Improved documentation in README and doc comments in library

2019-08-02 10:15:26 -05:00 · 2019-08-02 10:15:26 -05:00 · b9aa4f9ca1
commit b9aa4f9ca1
parent 0185724e6e
2 changed files with 119 additions and 35 deletions
--- a/README.md
+++ b/README.md
@ -1,47 +1,82 @@
-# Example usage
+# W5500 Driver
-Below some really basic usage how I am ca using it:
+This crate is a driver for the WIZnet W5500 chips.  The W5500 chip is a hardwired TCP/IP embedded Ethernet controller
 that enables easier internet connection for embedded systems using SPI (Serial Peripheral Interface).  It is one of the
 more popular platforms for Ethernet modules on Arduino platforms.
 ## Embedded-HAL
 Embedded-HAL is a standard set of traits meant to permit communication between MCU implementations and hardware drivers
 like this one.  Any microcontroller that implements the
 [`spi::FullDuplex<u8>`](https://docs.rs/embedded-hal/0.2.3/embedded_hal/spi/trait.FullDuplex.html) interface can use
 this driver.
 ## Implementation
 This driver is built in several layers of structs.

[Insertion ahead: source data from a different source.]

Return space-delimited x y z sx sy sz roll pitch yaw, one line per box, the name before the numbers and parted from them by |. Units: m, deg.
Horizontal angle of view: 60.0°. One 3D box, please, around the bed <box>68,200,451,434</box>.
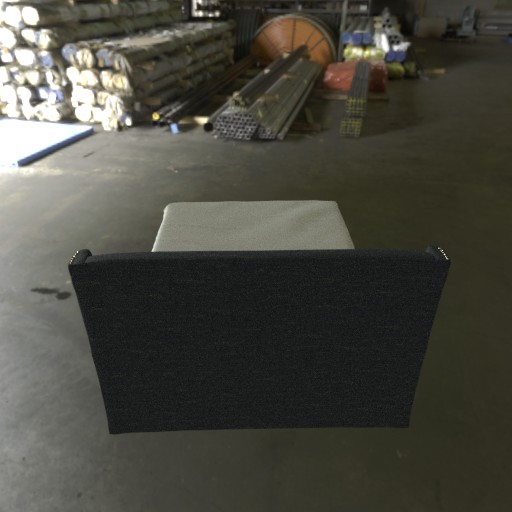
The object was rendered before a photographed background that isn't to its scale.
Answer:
bed | 0.000 0.000 3.468 1.925 1.332 2.276 -1 31 -1
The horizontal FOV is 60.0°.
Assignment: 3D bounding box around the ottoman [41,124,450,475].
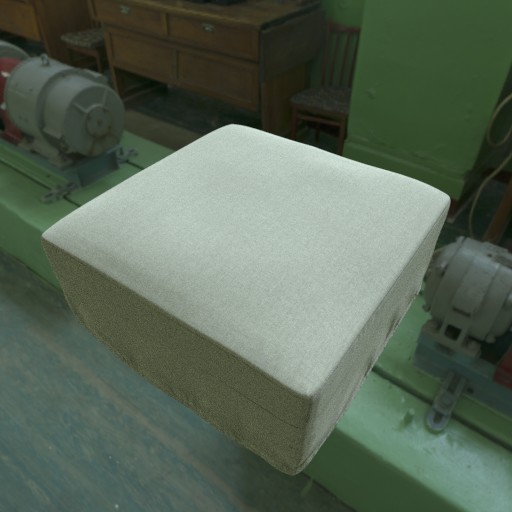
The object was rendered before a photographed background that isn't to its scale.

 The lowest level (and the first a program would instantiate) is the `W5500` struct.  It contains a reference to the
 chip-select [pin](https://docs.rs/embedded-hal/0.2.3/embedded_hal/digital/v2/trait.OutputPin.html).
 The next layer is the `ActiveW5500` struct.  It contains a reference to a `W5500` instance, and an implementation of
 the [`spi::FullDuplex<u8>`](https://docs.rs/embedded-hal/0.2.3/embedded_hal/spi/trait.FullDuplex.html) trait.  It has
 the ability to actually communicate with the chip.  It has general methods for reading/writing to the chip, and
 higher-level functions that can set up specific configuration, like the MAC address, etc.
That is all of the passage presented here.